Task description: Only the records, exactly as written, belong in the answer; pictures do not.

----

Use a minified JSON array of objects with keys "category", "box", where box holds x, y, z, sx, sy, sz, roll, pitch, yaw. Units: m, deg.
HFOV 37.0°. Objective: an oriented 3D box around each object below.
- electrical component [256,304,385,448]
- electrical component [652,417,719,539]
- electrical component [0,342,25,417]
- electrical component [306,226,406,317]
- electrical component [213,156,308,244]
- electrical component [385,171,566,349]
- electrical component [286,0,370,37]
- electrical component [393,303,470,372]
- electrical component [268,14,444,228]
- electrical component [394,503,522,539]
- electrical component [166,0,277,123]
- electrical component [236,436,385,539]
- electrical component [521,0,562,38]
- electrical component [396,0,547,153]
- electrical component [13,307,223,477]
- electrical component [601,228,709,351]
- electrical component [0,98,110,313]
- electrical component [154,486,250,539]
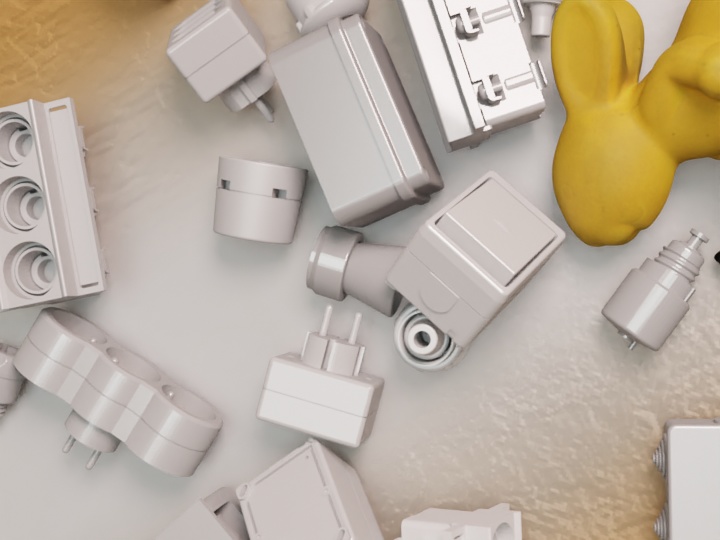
[{"category":"electrical component","box":[-0.019,0.060,0.659,0.066,0.047,0.076,15,92,10]},{"category":"electrical component","box":[0.220,0.129,0.616,0.100,0.048,0.099,-1,90,10]},{"category":"electrical component","box":[-0.242,0.080,0.705,0.035,0.035,0.061,23,96,9]},{"category":"electrical component","box":[0.000,0.000,0.657,0.055,0.045,0.045,17,93,10]},{"category":"electrical component","box":[-0.063,-0.043,0.664,0.055,0.055,0.047,10,96,10]},{"category":"electrical component","box":[0.072,-0.013,0.621,0.062,0.096,0.061,42,134,9]},{"category":"electrical component","box":[-0.027,-0.174,0.662,0.048,0.048,0.062,-33,78,9]},{"category":"electrical component","box":[0.041,0.039,0.641,0.048,0.062,0.048,0,90,10]},{"category":"electrical component","box":[0.000,-0.087,0.640,0.057,0.078,0.113,-23,86,12]},{"category":"electrical component","box":[0.060,0.205,0.636,0.063,0.079,0.121,-2,90,32]},{"category":"electrical component","box":[-0.077,-0.124,0.664,0.047,0.065,0.076,-34,113,8]},{"category":"electrical component","box":[-0.023,0.160,0.636,0.062,0.061,0.096,-36,42,9]},{"category":"electrical component","box":[0.110,-0.170,0.642,0.035,0.035,0.061,4,93,10]},{"category":"electrical component","box":[0.062,-0.138,0.629,0.063,0.079,0.121,-18,87,3]},{"category":"electrical component","box":[-0.162,0.090,0.682,0.138,0.052,0.073,33,96,9]},{"category":"electrical component","box":[0.175,0.011,0.628,0.040,0.040,0.078,36,96,8]},{"category":"electrical component","box":[-0.203,-0.039,0.682,0.079,0.063,0.121,-11,87,10]},{"category":"electrical component","box":[-0.124,0.236,0.671,0.186,0.060,0.105,-42,83,8]}]

----

Answer to this exercise:
Use a minified JSON array of objects with keys "category", "box", where box holds x, y, z, sx, sy, sz, roll, pitch, yaw. Units: m, deg.
HFOV 37.0°. Objective: an oriented 3D box around each object below.
- electrical component [256,304,385,448]
- electrical component [652,417,719,539]
- electrical component [0,342,25,417]
- electrical component [306,226,406,317]
- electrical component [213,156,308,244]
- electrical component [385,171,566,349]
- electrical component [286,0,370,37]
- electrical component [393,303,470,372]
- electrical component [268,14,444,228]
- electrical component [394,503,522,539]
- electrical component [166,0,277,123]
- electrical component [236,436,385,539]
- electrical component [521,0,562,38]
- electrical component [396,0,547,153]
- electrical component [13,307,223,477]
- electrical component [601,228,709,351]
- electrical component [0,98,110,313]
- electrical component [154,486,250,539]
[{"category":"electrical component","box":[-0.019,0.060,0.659,0.066,0.047,0.076,15,92,10]},{"category":"electrical component","box":[0.220,0.129,0.616,0.100,0.048,0.099,-1,90,10]},{"category":"electrical component","box":[-0.242,0.080,0.705,0.035,0.035,0.061,23,96,9]},{"category":"electrical component","box":[0.000,0.000,0.657,0.055,0.045,0.045,17,93,10]},{"category":"electrical component","box":[-0.063,-0.043,0.664,0.055,0.055,0.047,10,96,10]},{"category":"electrical component","box":[0.072,-0.013,0.621,0.062,0.096,0.061,42,134,9]},{"category":"electrical component","box":[-0.027,-0.174,0.662,0.048,0.048,0.062,-33,78,9]},{"category":"electrical component","box":[0.041,0.039,0.641,0.048,0.062,0.048,0,90,10]},{"category":"electrical component","box":[0.000,-0.087,0.640,0.057,0.078,0.113,-23,86,12]},{"category":"electrical component","box":[0.060,0.205,0.636,0.063,0.079,0.121,-2,90,32]},{"category":"electrical component","box":[-0.077,-0.124,0.664,0.047,0.065,0.076,-34,113,8]},{"category":"electrical component","box":[-0.023,0.160,0.636,0.062,0.061,0.096,-36,42,9]},{"category":"electrical component","box":[0.110,-0.170,0.642,0.035,0.035,0.061,4,93,10]},{"category":"electrical component","box":[0.062,-0.138,0.629,0.063,0.079,0.121,-18,87,3]},{"category":"electrical component","box":[-0.162,0.090,0.682,0.138,0.052,0.073,33,96,9]},{"category":"electrical component","box":[0.175,0.011,0.628,0.040,0.040,0.078,36,96,8]},{"category":"electrical component","box":[-0.203,-0.039,0.682,0.079,0.063,0.121,-11,87,10]},{"category":"electrical component","box":[-0.124,0.236,0.671,0.186,0.060,0.105,-42,83,8]}]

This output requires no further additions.